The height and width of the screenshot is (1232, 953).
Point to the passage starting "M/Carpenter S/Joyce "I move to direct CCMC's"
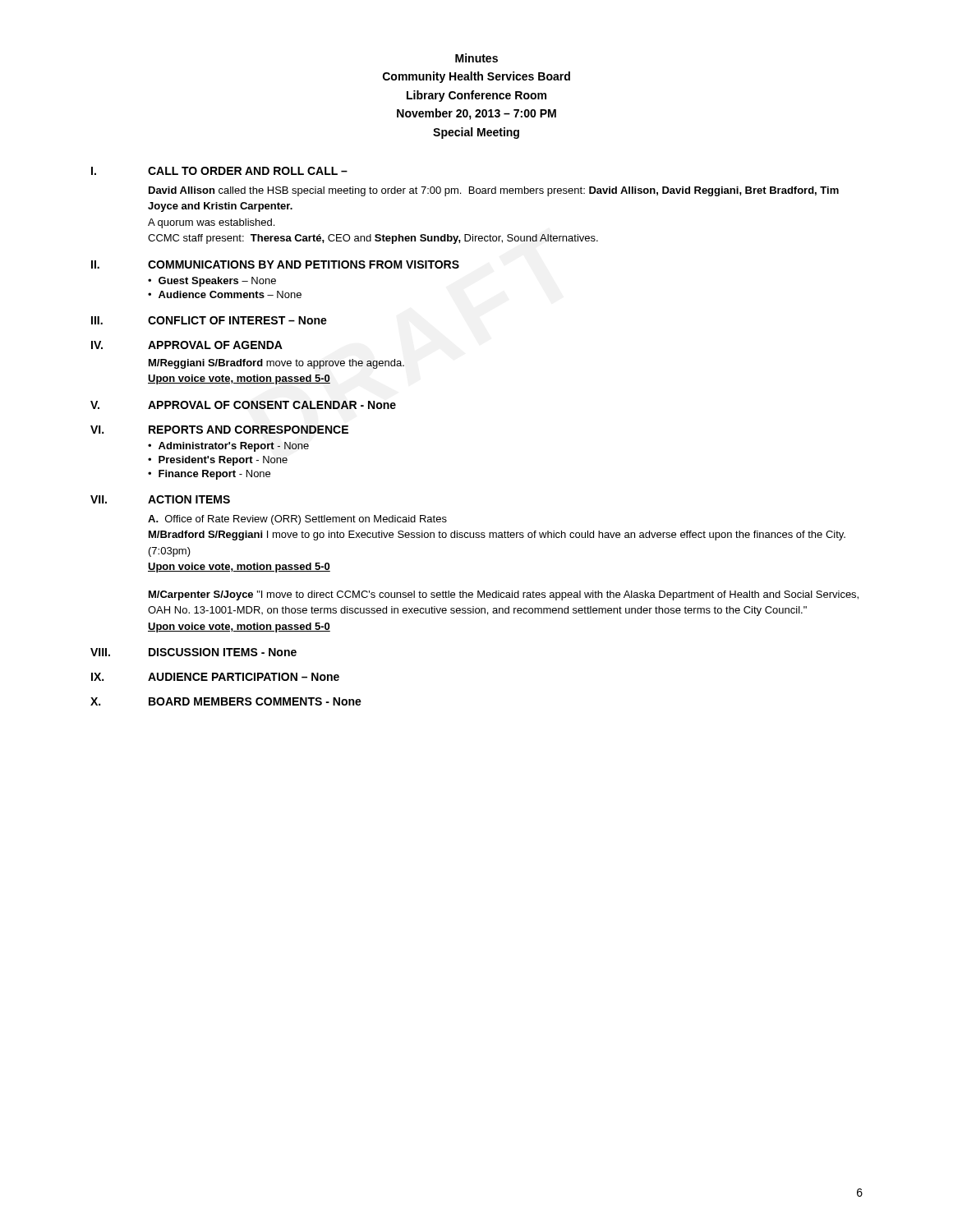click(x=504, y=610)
* * *
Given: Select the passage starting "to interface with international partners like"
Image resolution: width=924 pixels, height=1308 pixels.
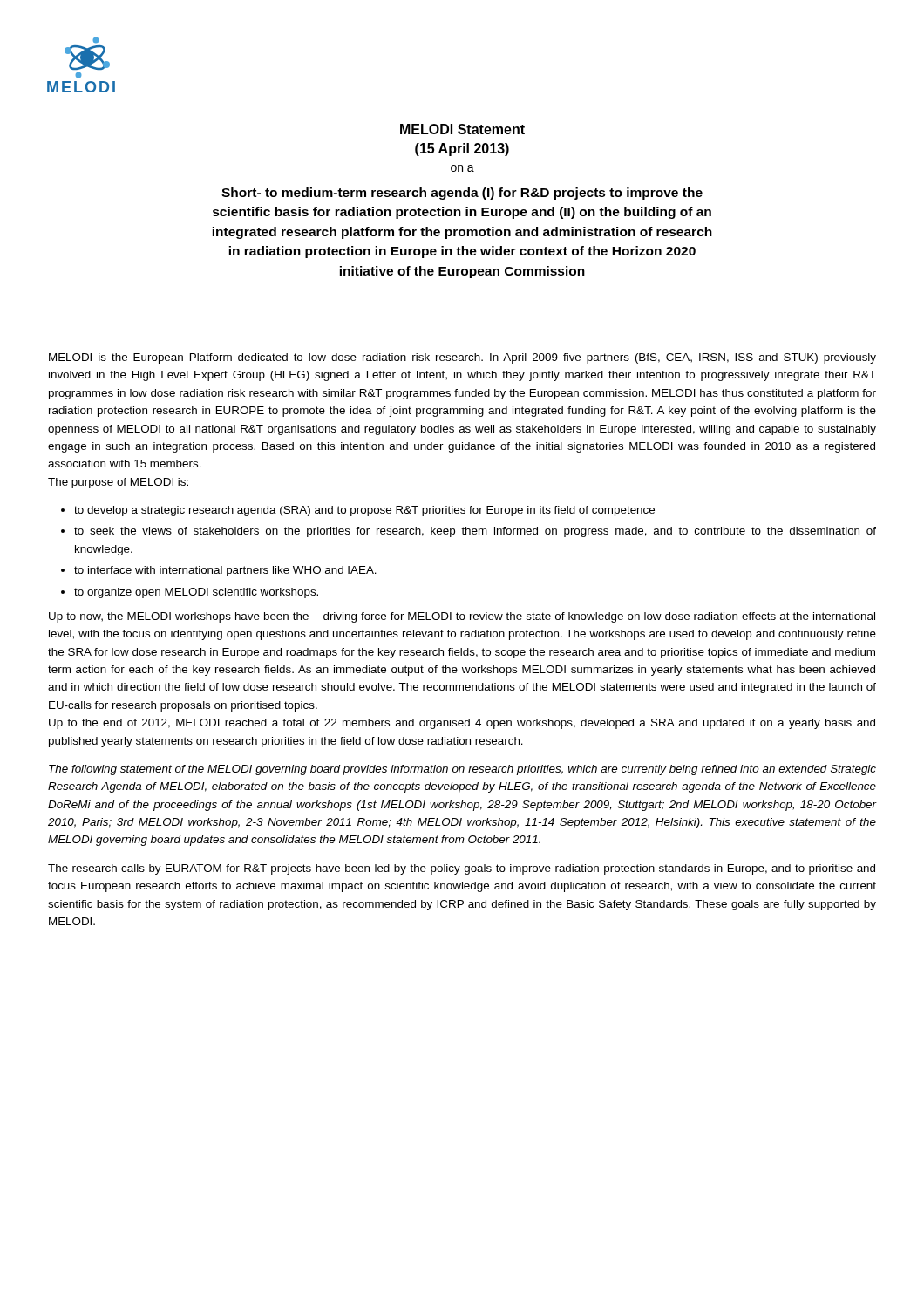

### WORK REQUIRED
Each line in the entries above, starting at the line with "Given: Select the" and ending at the line with "Image resolution: width=924", is to be printed exactly, and only those lines.

### SOLUTION TO THE EXERCISE
Given: Select the passage starting "to interface with international partners like"
Image resolution: width=924 pixels, height=1308 pixels.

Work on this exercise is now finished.